Fundamental solution to the Poisson equation by Fourier transform

Question

The fundamental solution (or Green function) for the Laplace operator in $d$ space dimensions $$\Delta u(x)=\delta(x),$$ where $\Delta \equiv \sum_{i=1}^d \partial^2_i$, is given by $$ u(x)=\begin{cases} \dfrac{1}{(2-d)\Omega_d}|x|^{2-d}\text{ for } d=1,3,4,5,\ldots\\ \dfrac{1}{2\pi}\log|x| \ \ \ \ \ \ \ \ \ \ \ \ \text{for } d=2, \end{cases} $$ where $\Omega_d$ is the $d$-dimensional solid angle $ \Omega_d=2\pi^{d/2}/\Gamma(d/2). $ Indeed, it can be shown directly that for a test function $\varphi$: $$ \int d^dx\,u(x)\Delta\varphi(x)=\varphi(0). $$ I tried to obtain the same result by Fourier transforming the distributional equation $ \Delta u(x)=\delta(x) $ thus $$ -k^2 \widehat u(k)=1\implies u(y)=-\frac{1}{(2\pi)^d}\int\frac{e^{ik\cdot y}}{k^2}d^dk. $$ Now, using $d$ dimensional polar coordinates, we can write $$ u(y)=-\frac{1}{(2\pi)^d}\int_0^{2\pi}d\phi\int_0^{\pi}d\theta_1\int_0^{\pi}d\theta_2\ldots\int_0^{\pi}d\theta_{d-2}\\ \sin\theta_1\sin^2\theta_2\ldots\sin^{d-2}\theta_{d-2}\int_0^\infty{dq}\,q^{d-1}\frac{e^{iq|y|\cos\theta_1}}{q^2} $$ by an appropriate choice of the axis along $y$. Since the integrand depends only on the angle $\theta_1$, we can use: $$ \Omega_d=\int_0^{2\pi}d\phi\int_0^{\pi}d\theta_1\int_0^{\pi}d\theta_2\ldots\int_0^{\pi}d\theta_{d-2} \sin\theta_1\sin^2\theta_2\ldots\sin^{d-2}\theta_{d-2} $$ $$ \implies \int_0^{2\pi}d\phi\int_0^{\pi}d\theta_2\ldots\int_0^{\pi}d\theta_{d-2} \sin^2\theta_2\ldots\sin^{d-2}\theta_{d-2}=\frac{\Omega_d}{2}; $$ $$ u(y)=-\frac{\Omega_d|y|^{2-d}}{2(2\pi)^d}\int_0^{\infty}dl\,l^{d-3}\int_0^{\pi}d\theta\, \sin\theta\, e^{il\cos\theta}=-\frac{\Omega_d |y|^{2-d}}{(2\pi)^{d}}\int_0^\infty dl\,l^{d-4}\, \sin l. $$ The integral in the last line can be manipulated as follows: for $2<\Re e(d)<4$ Wick rotation yields $$ \int_0^\infty dx\, x^{d-4}\, \sin x = \Im m \int_0^\infty dx\, x^{d-4}\, e^{ix}=\Im m \int_0^\infty idy\, (iy)^{d-4}\, e^{-y}=\Im m \left(i e^{id\pi/2}\right)\Gamma(d-3)=\Gamma(d-3)\cos\frac{\pi d}{2}. $$ Of course this must be justified via an appropriate contour integration: see Proof that $ \int_0^\infty x^{d-4}\sin x\, dx = \cos \frac{\pi d}{2} \Gamma(d-3)$, for $2<\Re(d)<4 $?

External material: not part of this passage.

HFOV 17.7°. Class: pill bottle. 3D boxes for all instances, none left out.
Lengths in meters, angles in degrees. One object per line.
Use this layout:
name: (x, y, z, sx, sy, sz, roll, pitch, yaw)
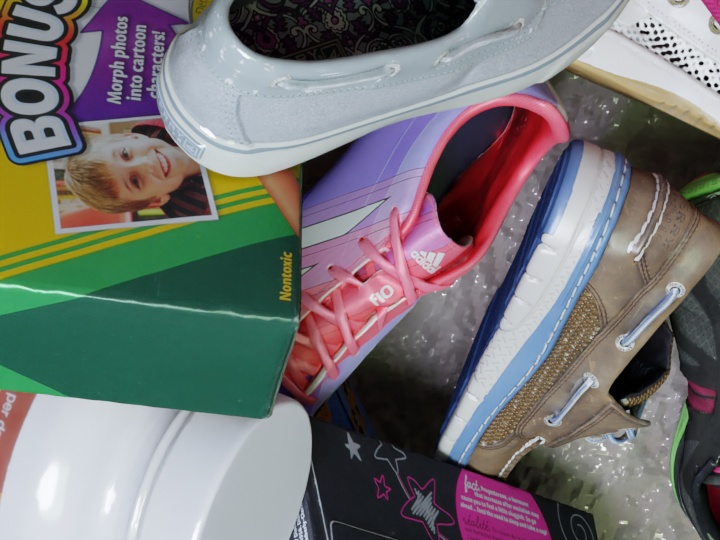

Now for $2<\Re e(d)<4$ we get: $$ u(x)=-\frac{\Omega_d|x|^{2-d}}{(2\pi)^d}\Gamma(d-3)\cos\frac{\pi d}{2}, $$ which reduces to the familiar $$ -\frac{1}{4\pi|x|} $$ for $d=3+\varepsilon$ as $\varepsilon\to0.$ It even yields $$ \frac{1}{2\pi}\ln|x| $$ for $d=2+\varepsilon$ as $\varepsilon\to0$ if one neglects an $x$-independent pole in $\varepsilon$.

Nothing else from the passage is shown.